Determining number of nodes or cores available in an SGE Queue

Linux
Author

Vinh Nguyen

Published

June 16, 2011

To determine the status of a queue in SGE, one can issue the command qstat -g c to get such information like number of CPU available and the current CPU and memory load. However, this information can be misleading when nodes can be cross-listed in multiple Q's. A Q can say X number of nodes are unused, when in reality, they are in use in a different Q. Consequently, a submitted parallel job asking for X cores can wait in limbo for quite some time depending on the cluster's load. The following sgeQload.R R script uses some commands explained in the cheat sheet to output the number of cores really available:

#! /bin/env Rscript

## This script shows me the number of cores available for each Q.
## Since many Q's on BDUC contain overlapping nodes, information from "qstat -g c" could be misleading and lead to submitted jobs that are waiting...
## This script utilizes R, qconf

### References
## http://moo.nac.uci.edu/~hjm/bduc/sge-quick-reference_v3_cheatsheet.pdf
## http://www.troubleshooters.com/codecorn/littperl/perlreg.htm

qstatgc <- system("qstat -g c", intern=TRUE)
qstatgc.list <- strsplit(qstatgc, split="\\s+", perl=TRUE)[c(-2, -3)] ## remove --- line and all.q
qstatgc.list[[1]] <- qstatgc.list[[1]][-1] ## CLUSTER QUEUE is one thing -> QUEUE
qstat <- t(sapply(qstatgc.list[-1], function(x) as.numeric(x[-1])))
colnames(qstat) <- qstatgc.list[[1]][-1]
rownames(qstat) <- sapply(qstatgc.list[-1], function(x) x[1])
qstat <- cbind(qstat, NCPU=NA, LOAD=NA, AVAILABLE=NA)

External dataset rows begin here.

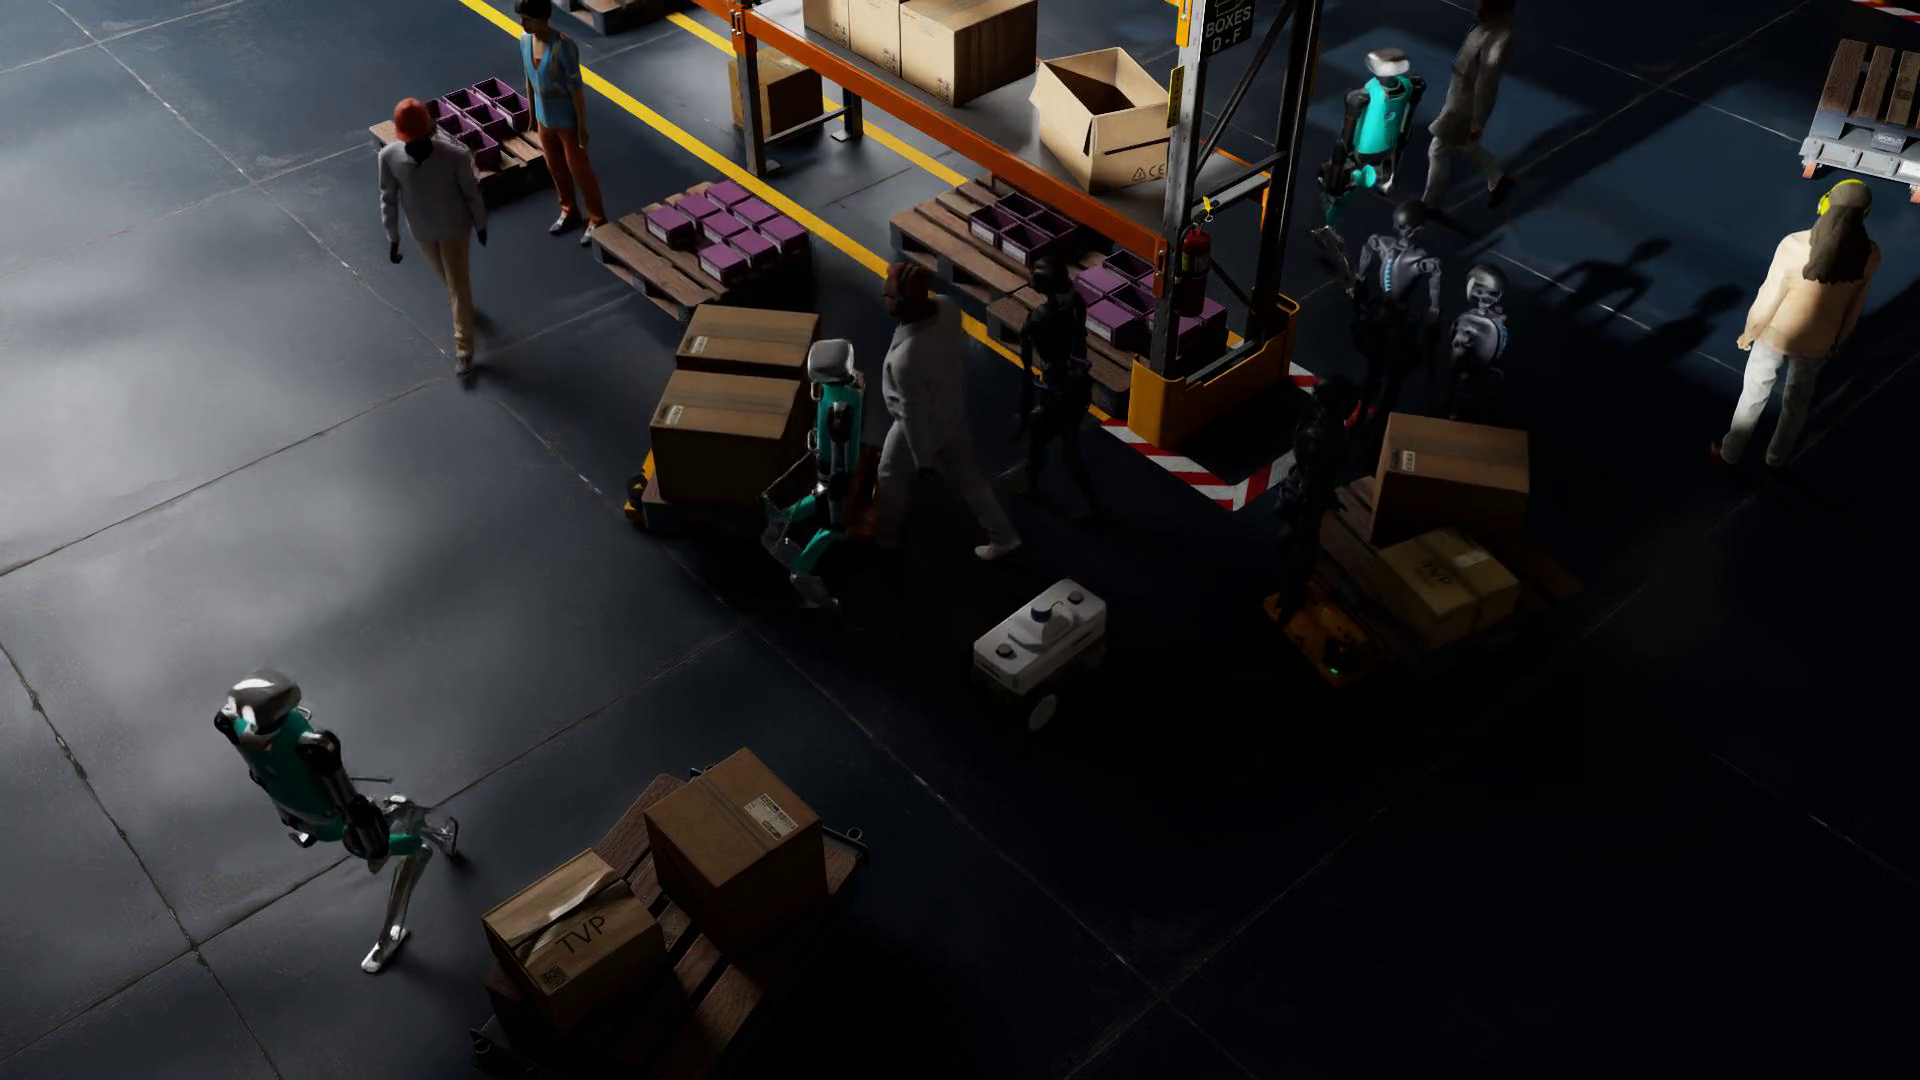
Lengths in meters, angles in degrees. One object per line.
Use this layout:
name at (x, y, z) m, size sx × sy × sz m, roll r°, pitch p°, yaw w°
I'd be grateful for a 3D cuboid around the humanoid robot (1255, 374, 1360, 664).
humanoid robot at (1.723, -0.127, 8.198) m, size 0.340 × 1.662 × 0.591 m, roll 16°, pitch 45°, yaw 17°

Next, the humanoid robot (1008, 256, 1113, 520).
humanoid robot at (0.538, -0.760, 8.916) m, size 0.581 × 1.644 × 0.599 m, roll 31°, pitch 51°, yaw 29°

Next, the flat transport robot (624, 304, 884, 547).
flat transport robot at (-1.125, -0.323, 9.446) m, size 1.431 × 0.231 × 0.659 m, roll 6°, pitch 43°, yaw 6°

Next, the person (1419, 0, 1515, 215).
person at (3.458, -2.924, 11.153) m, size 0.694 × 1.797 × 0.531 m, roll 12°, pitch 44°, yaw 12°

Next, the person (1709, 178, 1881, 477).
person at (4.587, -1.124, 9.133) m, size 0.553 × 1.876 × 0.397 m, roll 6°, pitch 43°, yaw 7°

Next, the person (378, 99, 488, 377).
person at (-3.178, -1.875, 10.069) m, size 0.565 × 1.712 × 0.861 m, roll 3°, pitch 43°, yaw 3°

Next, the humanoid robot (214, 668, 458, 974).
humanoid robot at (-2.439, 1.015, 6.942) m, size 0.552 × 1.817 × 0.891 m, roll 16°, pitch 45°, yaw 17°

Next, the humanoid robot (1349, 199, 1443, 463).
humanoid robot at (2.444, -1.184, 9.336) m, size 0.387 × 1.648 × 0.601 m, roll -33°, pitch 52°, yaw -30°

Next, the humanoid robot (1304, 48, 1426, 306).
humanoid robot at (2.468, -2.430, 10.693) m, size 0.537 × 1.751 × 1.053 m, roll -16°, pitch 45°, yaw -17°

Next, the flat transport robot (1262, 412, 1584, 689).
flat transport robot at (2.381, 0.284, 8.786) m, size 1.431 × 0.231 × 0.659 m, roll -19°, pitch 46°, yaw -19°

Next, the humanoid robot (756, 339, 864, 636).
humanoid robot at (-0.804, -0.215, 8.257) m, size 0.739 × 1.801 × 0.571 m, roll -2°, pitch 43°, yaw -2°

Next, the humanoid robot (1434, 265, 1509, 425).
humanoid robot at (2.701, -0.697, 8.814) m, size 0.398 × 1.640 × 0.604 m, roll 28°, pitch 49°, yaw 27°

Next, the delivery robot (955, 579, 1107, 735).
delivery robot at (0.395, 0.525, 8.295) m, size 0.750 × 0.570 × 0.499 m, roll -34°, pitch 52°, yaw -31°

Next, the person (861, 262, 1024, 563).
person at (-0.125, -0.609, 8.580) m, size 0.957 × 1.863 × 0.627 m, roll 19°, pitch 46°, yaw 20°

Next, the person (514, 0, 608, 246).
person at (-2.668, -2.807, 11.050) m, size 0.504 × 1.756 × 0.325 m, roll 23°, pitch 47°, yaw 23°
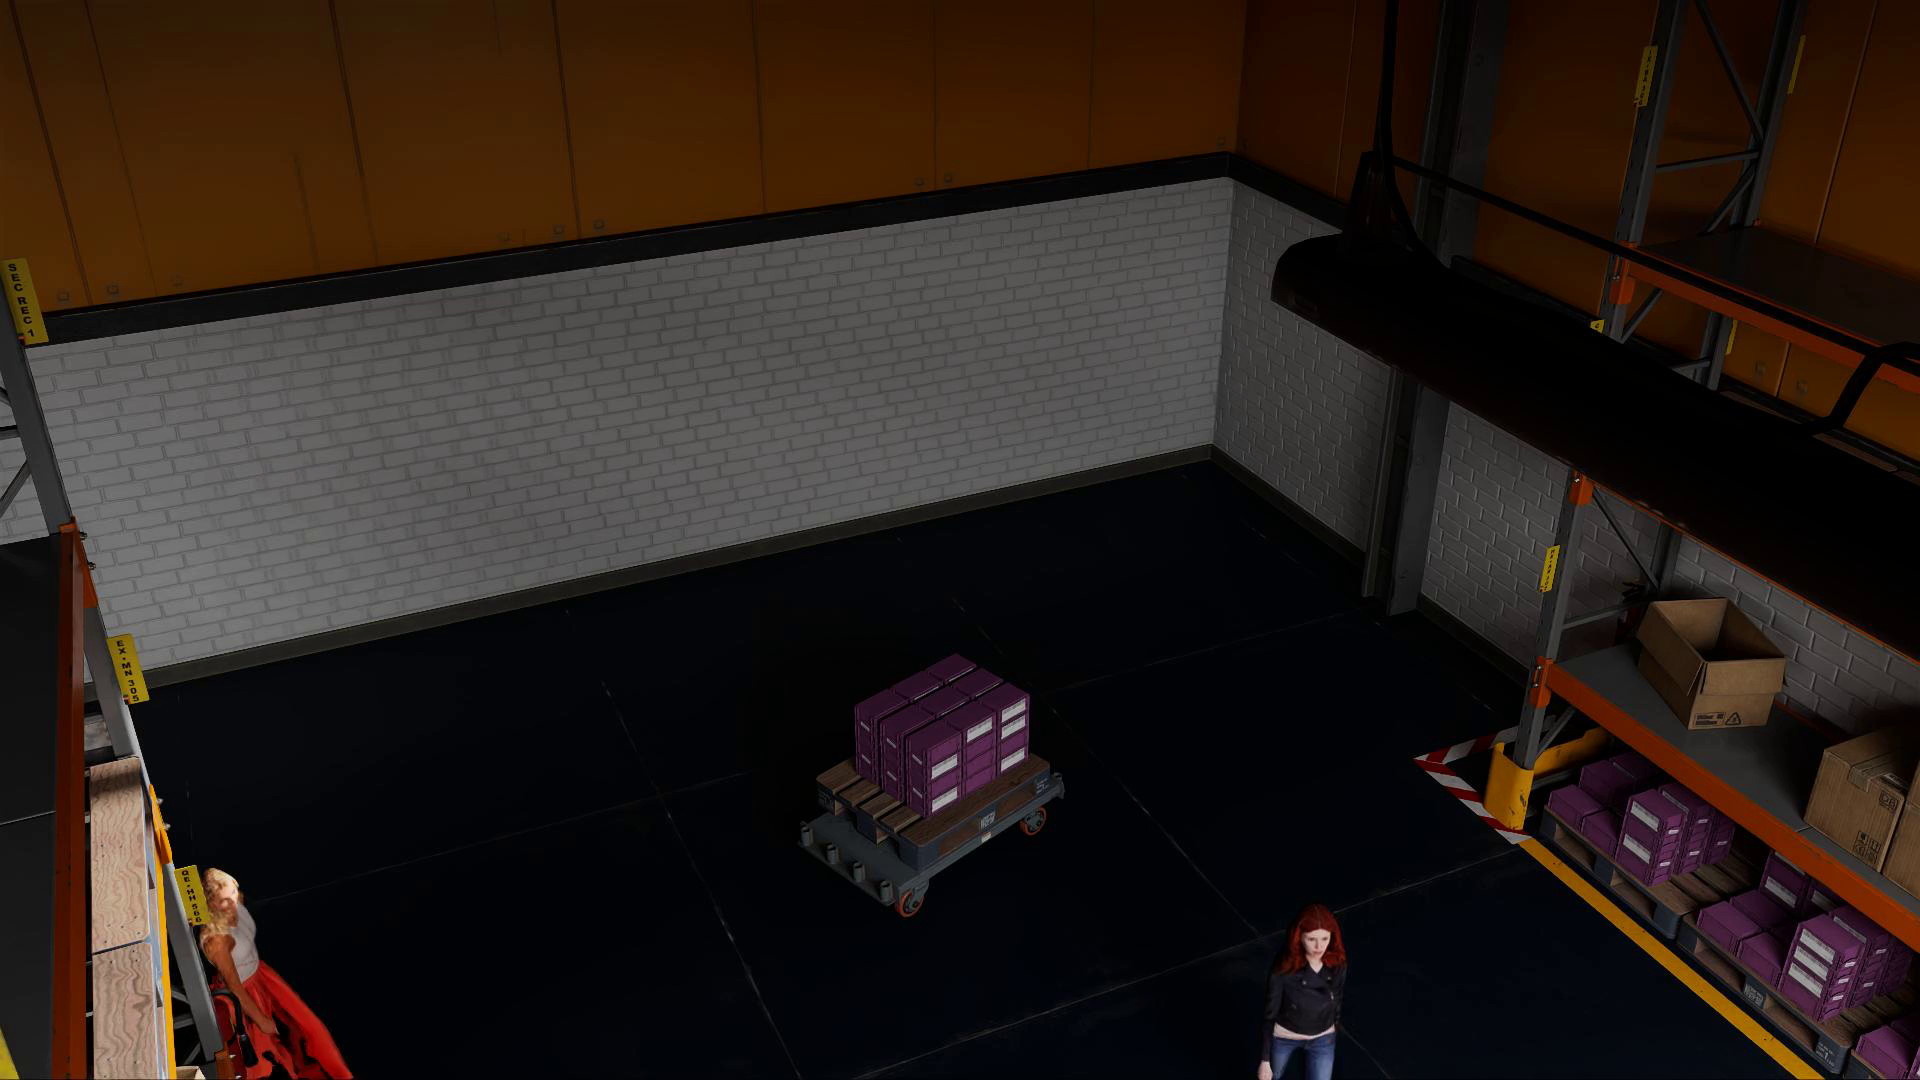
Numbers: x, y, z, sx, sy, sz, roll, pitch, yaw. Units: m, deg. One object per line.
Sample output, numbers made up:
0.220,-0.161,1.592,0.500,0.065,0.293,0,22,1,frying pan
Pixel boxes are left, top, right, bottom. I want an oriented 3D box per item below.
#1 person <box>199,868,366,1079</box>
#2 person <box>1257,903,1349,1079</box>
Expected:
-3.840,2.406,8.681,0.969,1.763,1.078,-4,29,-7,person
1.696,2.529,8.487,0.912,1.734,1.317,-2,29,-4,person

for(Q in rownames(qstat)){
 host.list <- strsplit(grep("hostlist", system(paste("qconf -sq", Q), intern=TRUE), value=TRUE), split="\\s+", perl=TRUE)[[1]][-1]
 host.vec <- NULL
 for(host in host.list){
 host.vec <- c(host.vec, strsplit(strsplit(gsub("\\", "", paste(system(paste("qconf -shgrp", host, sep=" "), intern=TRUE), collapse=" "), fixed=TRUE), "hostlist", fixed=TRUE)[[1]][2], "\\s+", perl=TRUE)[[1]])
 }
 host.vec <- unique(host.vec)
 host.vec <- host.vec[host.vec != ""]
 host.vec <- gsub(".bduc", "", host.vec, fixed=TRUE)

 qhost <- system("qhost", intern=TRUE)[c(-2, -3)]
 qhost.matrix <- do.call(rbind, strsplit(qhost[-1], "\\s+", perl=TRUE))
 colnames(qhost.matrix) <- strsplit(qhost[1], "\\s+", perl=TRUE)[[1]]
 NCPU <- sum(as.numeric(qhost.matrix[qhost.matrix[, "HOSTNAME"] %in% host.vec, "NCPU"]))
 LOAD <- sum(as.numeric(qhost.matrix[qhost.matrix[, "HOSTNAME"] %in% host.vec, "LOAD"]))
 qstat[Q, "NCPU"] <- NCPU
 qstat[Q, "LOAD"] <- LOAD
 qstat[Q, "AVAILABLE"] <- NCPU-LOAD
}

qstat

Note that this script is specific to the cluster I use. It should be modified for other clusters. It does not work immediately on another cluster I have access to.